The 3D motion tracking sensors will be placed on a human arm at two locations - the wrist and the upper arm. At a sampling rate of 100 Hz, the sensors track the xyz-coordinate inertial data and the euler angles of the subject's arm as they perform the movement . The raw data will then be averaged by calculating the Root Mean Square (RMS) value and the Rectified average. The normalized data will then be used to train a multi-layer, feed-forward Neural Network.

The Neural Network is trained utilizing backpropagation learning by which the network will process the data by pattern recognition. The trained Neural Network will process outside data and assign an output based on the pattern. Each output will represent a specific movement that has been performed.

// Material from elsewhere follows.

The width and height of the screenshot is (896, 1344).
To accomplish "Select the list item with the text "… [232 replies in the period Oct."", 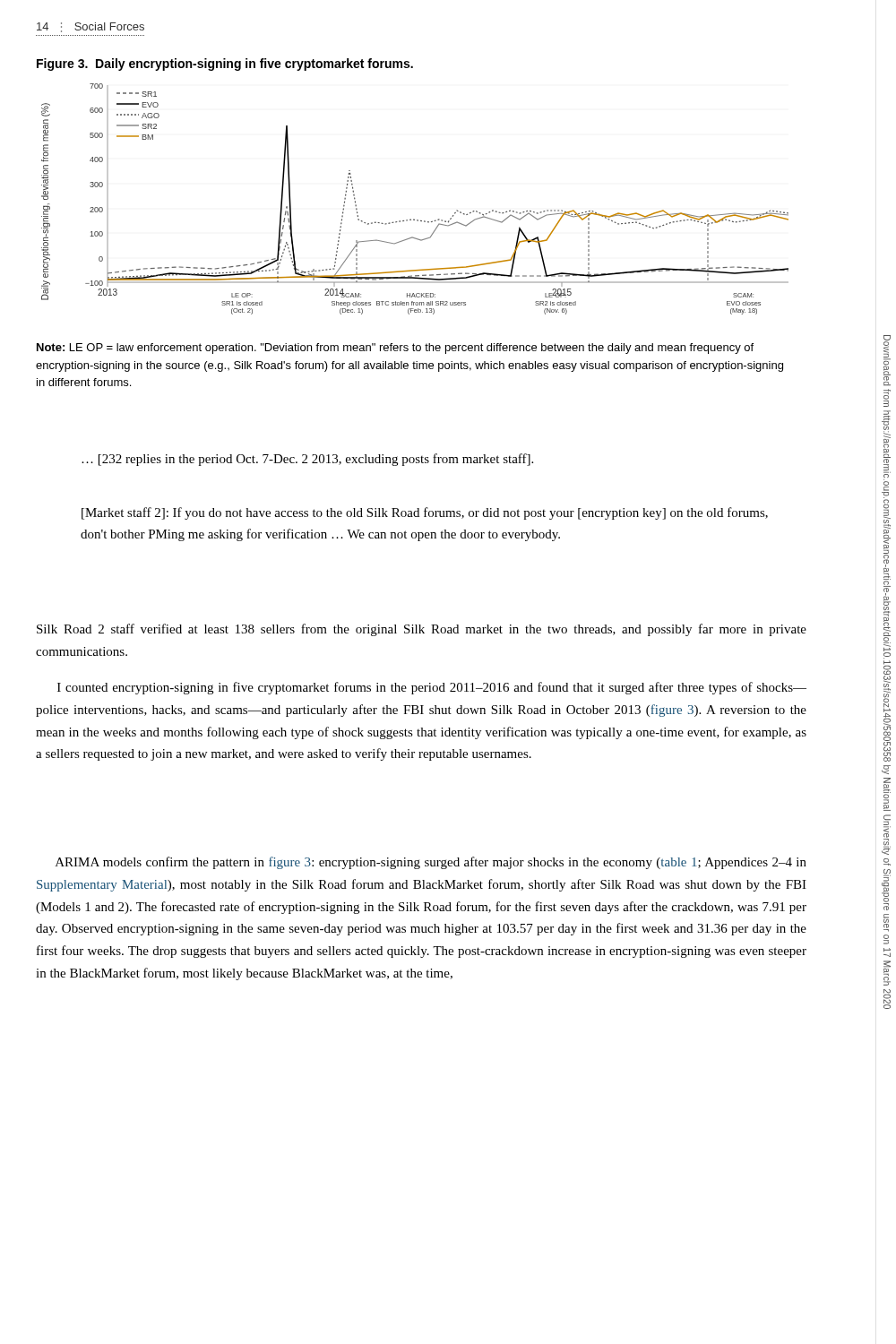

To minimize processing time, the trained Neural Network will be generated as a C code and placed on a microcontroller. Once uploaded to the microcontroller, raw data may be fed into the network via the pin inputs of the microcontroller board. From there, the trained Neural Network will generate an output that will be assigned to a specific function that, via the pin output of the board, will prompt the robot to execute the proper movement.

Currently, there are 8-10 movements that have been chosen for the arm to emulate. Due to limitations of non-continuous rotation servos, some movements are executed as an analogue to the human arm movement. Going forward there may be room for a broadening of accomplishable movements.